If we take Argentina as a guide eventually there will be some kind of restructuring settlement where you take a big haircut and then receive some kind of deferred terms of payment. Note that creditors don’t really have to be treated equally - Argentina made the IMF whole in 2005 but most debt holders took a haircut down to 30% of face. In the interim before a restructuring settlement your bonds will be basically valueless, but that’s irrelevant because I-Bonds don’t trade on the secondary market and the only way to liquidate them is back to the Treasury. I presume the treasury will stop liquidation of I-Bonds but regardless they will probably not pay you face if you choose to liquidate. So basically you hold on to them and then you wait and see what happens.

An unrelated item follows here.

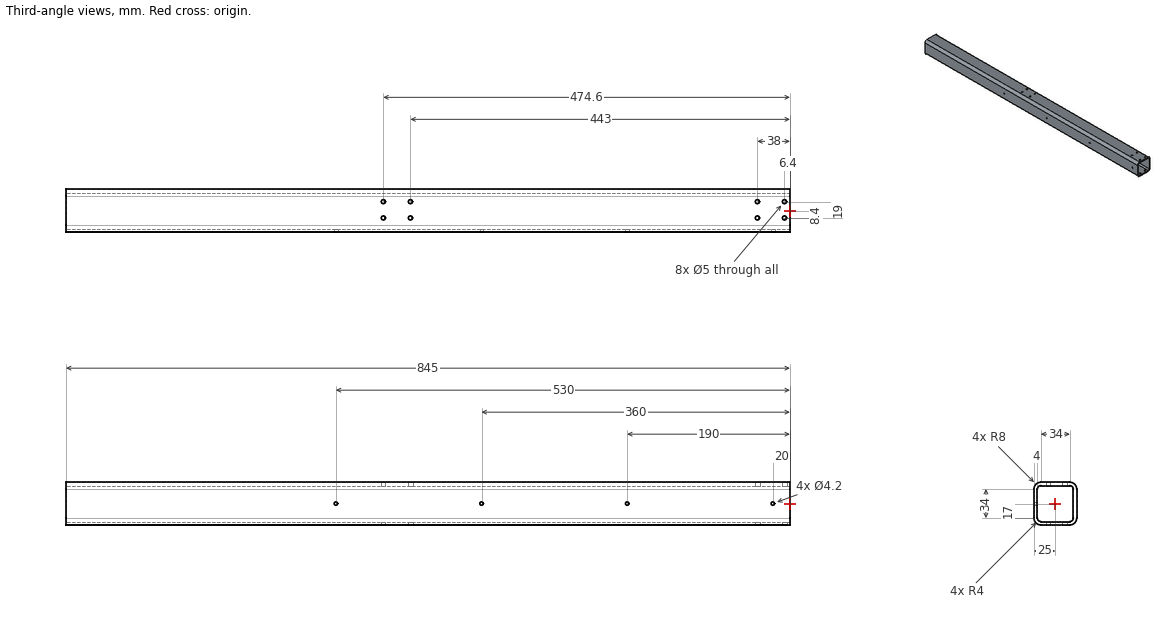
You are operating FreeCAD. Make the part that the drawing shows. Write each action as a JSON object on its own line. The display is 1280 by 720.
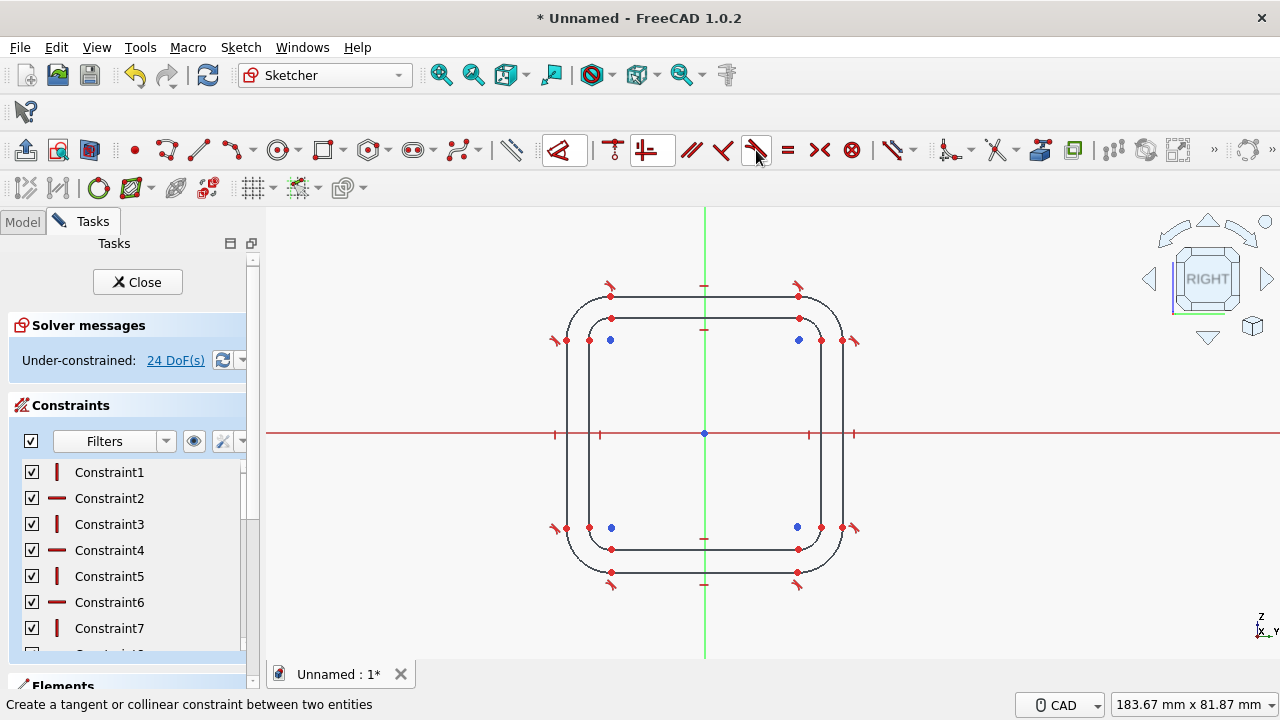
{"action": "left_click", "coordinate": [589, 397]}

If for whatever reason you are holding debt instruments of a country that’s in default just hold on to them if they’re relatively valueless. The worst thing that can happen is that they actually become valueless, but there’s some upside. There was a lot of trading of Argentine debt for this reason (at pennies on the dollar) because if you buy something for 15% of face and then get 30% of face you just made a shitload of money.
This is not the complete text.